Directions for this task: Below are the records. Retype exactly the lines between the lines holding "#11 toaster" and "Reply with CSV", inclusive.
+++ Recorded data +++
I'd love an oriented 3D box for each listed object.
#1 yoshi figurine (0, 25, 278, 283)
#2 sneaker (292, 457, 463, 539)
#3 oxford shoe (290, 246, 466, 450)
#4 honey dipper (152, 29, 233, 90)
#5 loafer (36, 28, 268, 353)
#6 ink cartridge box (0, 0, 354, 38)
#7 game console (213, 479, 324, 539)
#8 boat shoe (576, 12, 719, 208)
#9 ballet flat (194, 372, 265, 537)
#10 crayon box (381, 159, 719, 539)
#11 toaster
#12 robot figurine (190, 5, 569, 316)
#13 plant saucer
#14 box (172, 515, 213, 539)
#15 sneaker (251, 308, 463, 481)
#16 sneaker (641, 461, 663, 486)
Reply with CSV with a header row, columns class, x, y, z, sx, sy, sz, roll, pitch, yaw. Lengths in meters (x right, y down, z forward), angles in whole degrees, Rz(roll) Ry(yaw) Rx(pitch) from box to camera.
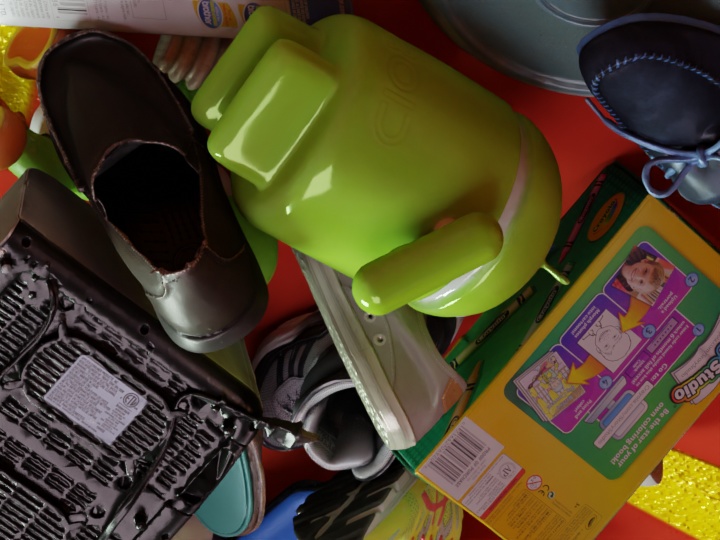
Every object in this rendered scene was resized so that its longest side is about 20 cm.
class,x,y,z,sx,sy,sz,roll,pitch,yaw
yoshi figurine,-0.114,-0.046,1.353,0.112,0.112,0.200,-29,130,32
sneaker,0.025,0.150,1.484,0.078,0.200,0.091,-24,97,21
oxford shoe,0.000,0.000,1.342,0.058,0.200,0.075,-25,162,-4
honey dipper,-0.014,-0.086,1.335,0.199,0.038,0.038,21,141,-16
loafer,-0.106,-0.054,1.233,0.073,0.200,0.071,-32,149,-5
ink cartridge box,-0.101,-0.169,1.246,0.199,0.042,0.120,6,143,11
game console,-0.013,0.191,1.645,0.200,0.119,0.171,32,124,-26
boat shoe,0.187,-0.067,1.247,0.200,0.069,0.084,22,142,-39
ballet flat,-0.096,0.060,1.469,0.068,0.067,0.200,-10,112,31
crayon box,0.123,0.056,1.365,0.119,0.058,0.200,39,93,-28
toaster,-0.159,0.071,1.289,0.200,0.119,0.181,37,105,-20
robot figurine,0.016,-0.051,1.242,0.200,0.176,0.116,28,106,-27
plant saucer,0.115,-0.150,1.229,0.199,0.027,0.200,7,141,6
box,-0.215,0.109,1.516,0.199,0.172,0.200,-14,136,28
sneaker,-0.021,0.078,1.469,0.075,0.114,0.200,36,136,-14
sneaker,0.096,0.075,1.477,0.115,0.074,0.200,-11,138,21
+++
Response area:
#11 toaster
#12 robot figurine (190, 5, 569, 316)
#13 plant saucer
#14 box (172, 515, 213, 539)
#15 sneaker (251, 308, 463, 481)
#16 sneaker (641, 461, 663, 486)
Reply with CSV with a header row, columns class, x, y, z, sx, sy, sz, roll, pitch, yaw. Lengths in meters (x right, y down, z forward), angles in whole degrees, Rz(roll) Ry(yaw) Rx(pitch) from box to camera.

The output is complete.